Etienne Dumont

CRITIQUE D'ART

Né en 1948, Etienne Dumont a fait à Genève des études qui lui ont été peu utiles. Latin, grec, droit. Juriste raté, il a bifurqué vers le journalisme. Le plus souvent aux rubriques culturelles, il a travaillé de mars 1974 à mai 2013 à la "Tribune de Genève", en commençant par parler de cinéma. Sont ensuite venus les beaux-arts et les livres. A part ça, comme vous pouvez le voir, rien à signaler.

MILAN/Le Gallerie d'Italia montre la somptueuse "Cassette Farnèse"

Crédits: Gallerie d'Italia

Pour être riche, c'est riche! Avec la salière de Benvenuto Cellini du Kunsthistorisches de Vienne, miraculeusement retrouvée en 2003 après un cambriolage de cinéma (1), la «Cassette Farnèse» représente ce que la Renaissance italienne a produit de plus fastueux en termes d'objet d'art. Il aura fallu encore plus de temps afin de parfaire ce chef-d’œuvre que pour terminer la salière, réalisée en France à l'intention de François Ier entre 1539 et 1543. Ses auteurs ont eu besoin de dix-huit ans pour arriver au bout de leurs peines. Commencée en 1543, cette pièce de pur prestige n'a connu sa conclusion qu'en 1561. Mauro di Bastiano Sbarri s'est chargé de la carcasse en argent doré, tandis que Giovanni Bernardi gravait des plaques de cristal de roche, exécutées d'après des dessins de Francesco Salviati. On comprend que l'historien Giorgio Vasari ait pu écrite en 1568 que jamais aucune œuvre n'avait atteint selon lui une telle perfection. 

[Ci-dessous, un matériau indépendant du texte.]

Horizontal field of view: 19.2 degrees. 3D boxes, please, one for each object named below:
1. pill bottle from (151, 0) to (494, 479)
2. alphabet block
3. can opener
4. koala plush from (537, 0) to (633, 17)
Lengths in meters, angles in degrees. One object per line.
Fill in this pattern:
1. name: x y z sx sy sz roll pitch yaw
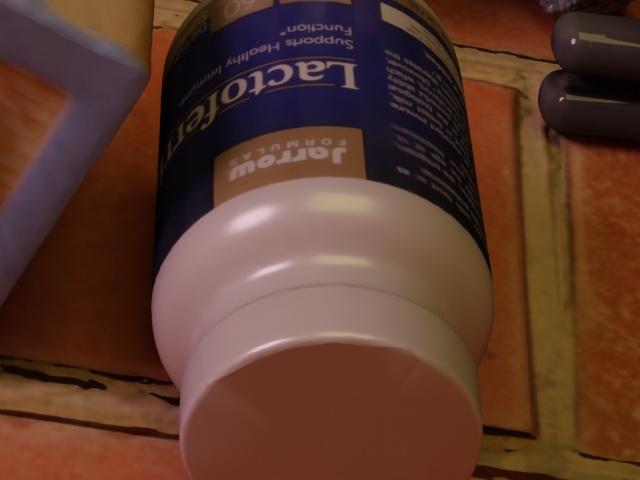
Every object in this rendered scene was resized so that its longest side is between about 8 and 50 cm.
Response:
1. pill bottle: 0.000 0.000 0.867 0.153 0.153 0.264 6 40 -8
2. alphabet block: -0.197 -0.100 0.861 0.193 0.192 0.197 27 32 -20
3. can opener: 0.270 -0.071 1.079 0.283 0.076 0.095 6 30 -7
4. koala plush: 0.074 -0.244 1.170 0.221 0.203 0.196 -16 45 -14
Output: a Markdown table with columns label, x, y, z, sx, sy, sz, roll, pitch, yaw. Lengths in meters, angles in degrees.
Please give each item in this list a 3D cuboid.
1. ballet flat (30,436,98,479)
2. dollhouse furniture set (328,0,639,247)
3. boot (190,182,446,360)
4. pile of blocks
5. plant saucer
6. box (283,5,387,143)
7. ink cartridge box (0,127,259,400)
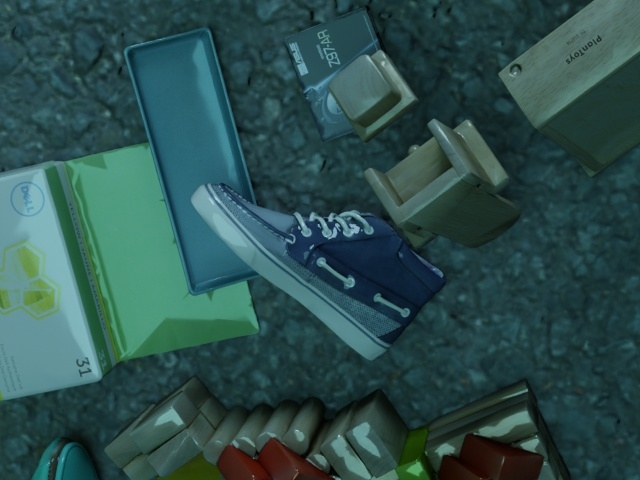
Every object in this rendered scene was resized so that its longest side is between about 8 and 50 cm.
| label | x | y | z | sx | sy | sz | roll | pitch | yaw |
| --- | --- | --- | --- | --- | --- | --- | --- | --- | --- |
| ballet flat | -0.206 | 0.280 | 1.192 | 0.087 | 0.083 | 0.247 | -10 | 98 | 25 |
| dollhouse furniture set | 0.105 | -0.218 | 1.053 | 0.303 | 0.174 | 0.355 | -38 | 69 | 14 |
| boot | 0.000 | 0.000 | 1.101 | 0.190 | 0.069 | 0.086 | 39 | 99 | -19 |
| pile of blocks | 0.010 | 0.187 | 1.119 | 0.362 | 0.112 | 0.149 | 0 | 101 | 10 |
| plant saucer | -0.091 | -0.059 | 1.125 | 0.067 | 0.018 | 0.192 | -16 | 100 | -9 |
| box | 0.018 | -0.122 | 1.102 | 0.067 | 0.018 | 0.083 | -19 | 98 | 12 |
| ink cartridge box | -0.182 | 0.022 | 1.147 | 0.235 | 0.056 | 0.171 | -12 | 99 | 13 |
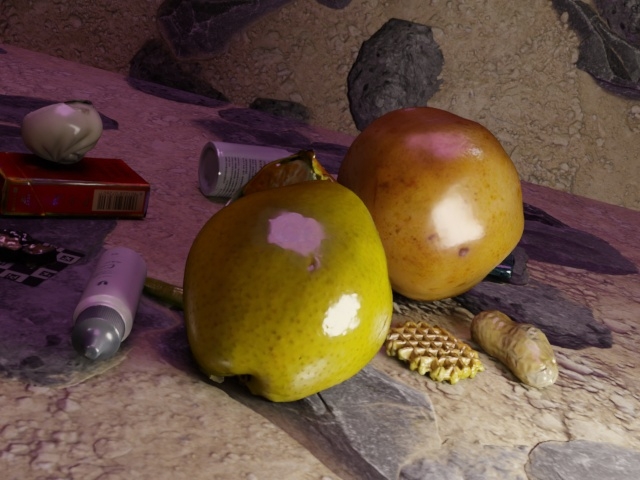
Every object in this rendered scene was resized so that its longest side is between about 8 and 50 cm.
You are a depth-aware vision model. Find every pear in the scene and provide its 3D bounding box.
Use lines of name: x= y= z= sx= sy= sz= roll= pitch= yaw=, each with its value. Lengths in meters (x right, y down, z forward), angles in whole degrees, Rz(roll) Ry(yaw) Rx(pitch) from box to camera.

En temps normal, la pièce se trouve au Museo di Capodimonte, près de Naples, où ont atterri nombre de trésors Farnèse après bien des complications dynastiques. L’objet (35 kilos!) avait besoin d'une bonne restauration. Il a fallu trois spécialistes. Ces derniers ont travaillé aux frais de l'Inteso Sanpaolo, qui a repris de diverses banques gloutonnement avalées des traditions de mécénat. Le sponsor a cependant demandé de pouvoir exposer de résultat à Milan, puis à Parme, où les Farnèse ont longtemps régné. Le visiteur peut donc aller dans l'énorme édifice situé à côté de la Scala, dont je vous ai déjà parlé. La cassette se trouve dans l'ancienne salle des coffres qui a, elle aussi, gardé son décor 1880 avec une énorme porte blindée signée Fichet. La chose se voit présentée comme un reliquaire sous des éclairages changeants. Effet garanti. C'est vraiment du plein la vue.

Un fastueux cardinal

Un seul tableau complète l'accrochage. C'est le portrait du cardinal Alexandre Farnèse par le Titien, brossé en 1545. Il s'agit du commanditaire de la cassette, qui a dû lui coûter un saladier. Ce neveu du pape Paul III en avait cependant les moyens. C'est lui qui a fait édifier à Rome le fameux Palais Farnèse, servant depuis 1936 d'ambassade à la France. L'homme a d'ailleurs fait cadeau de la merveille à la future épouse de son neveu, qui se prénommait comme par hasard lui aussi Alexandre. Maria d'Aviz était Portugaise. Une alliance royale. Personne ne soupçonnait alors que la famille allait s'éteindre du côté des mâles et que le pays disparaîtrait de la carte de 1580 à 1640, passant sous la coupe de l'Espagne. 

J'ai lu dans la presse que la restauration avais permis de découvrir un parchemin au fond de la cassette. Daté 1564. On n'en connaît pas encore le contenu...

(1) Elle était enterrée dans un bois à l'intérieur d'une caisse de plomb!

Pratique

Gallerie d'Italia, Piazza Scala, Milan, jusqu'au 25 novembre (au départ jusqu'au 28 octobre). Tél. 0039 800 167 619, site www.gallerieditalia.com Ouvert de 9h30 à 19h, jeudi jusqu'à 22h30. Fermé le lundi. Entrée gratuite.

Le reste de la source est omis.